Cori Crider, directrice de Foxglove, un groupe de défense de la justice technologique basé à Londres qui soutient les deux actions en justice au Kenya, a appelé Meta à mettre fin à ses pratiques d'externalisation et à augmenter les ressources "pitoyables" qu'elle consacre à la sécurité en Afrique.

"Facebook devrait reprendre la modération en interne, embaucher chacun des 260 modérateurs de contenu à Nairobi qui effectuent un travail de sécurité vital, et valoriser ces personnes en leur offrant des salaires décents, un soutien clinique complet en matière de santé mentale, ainsi que de la dignité et du prestige", a déclaré M. Crider.

"L'externalisation est un échec et les travailleurs comme les gens ordinaires en ont payé le prix.

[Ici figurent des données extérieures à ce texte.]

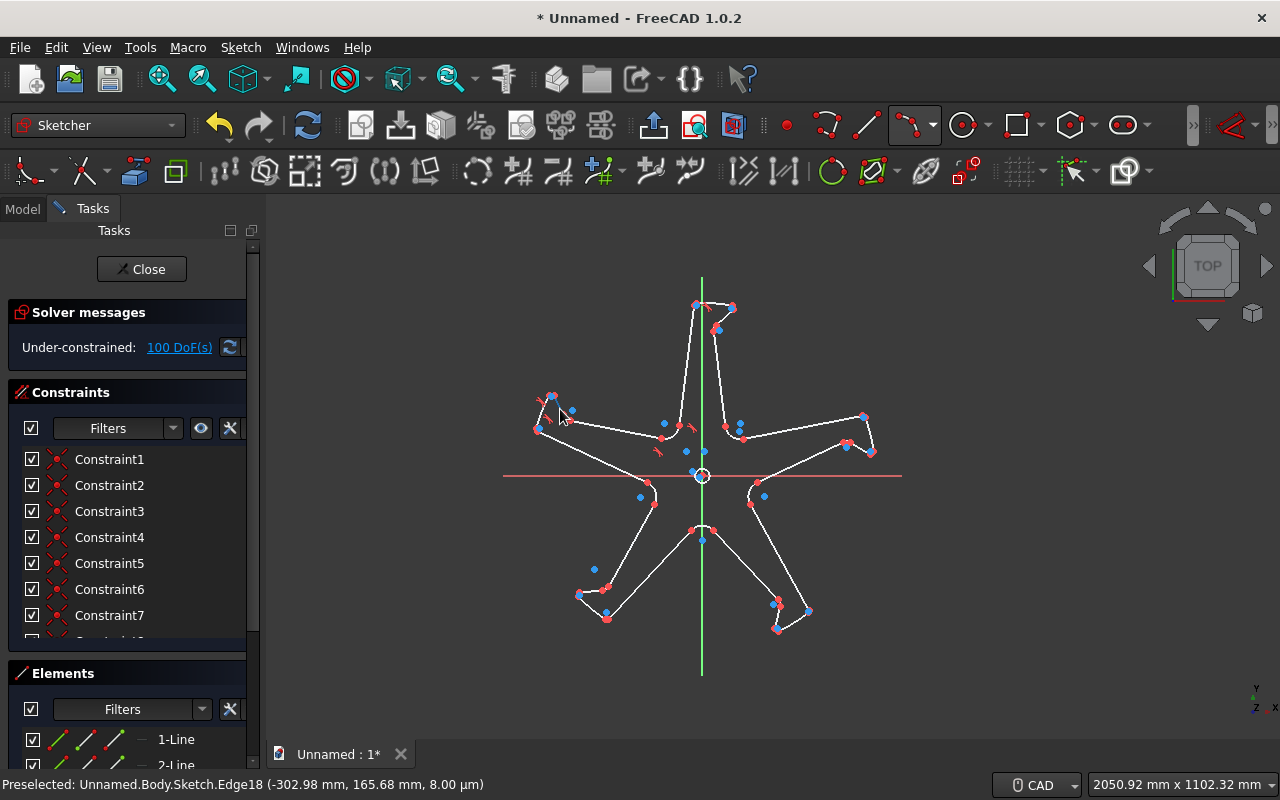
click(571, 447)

Alia Al Ghussain, chercheuse sur l'IA et les droits de l'homme à Amnesty International, a déclaré que les algorithmes de Facebook - qui alimentent le fil d'actualité, le classement, les recommandations et les fonctions de groupe, façonnant ce que les utilisateurs voient sur la plateforme - devaient également faire l'objet d'un examen minutieux.

"Le modèle commercial de Meta, basé sur l'engagement, signifie que les algorithmes sont programmés pour que les contenus nuisibles et incendiaires deviennent viraux", a déclaré Mme Al Ghussain, dont l'organisation soutient le procès intenté contre l'Éthiopie.

"Les litiges que nous observons dans les affaires de l'Éthiopie et du Myanmar démontrent clairement que le problème est systémique et qu'il doit être traité de toute urgence par le biais d'une réglementation.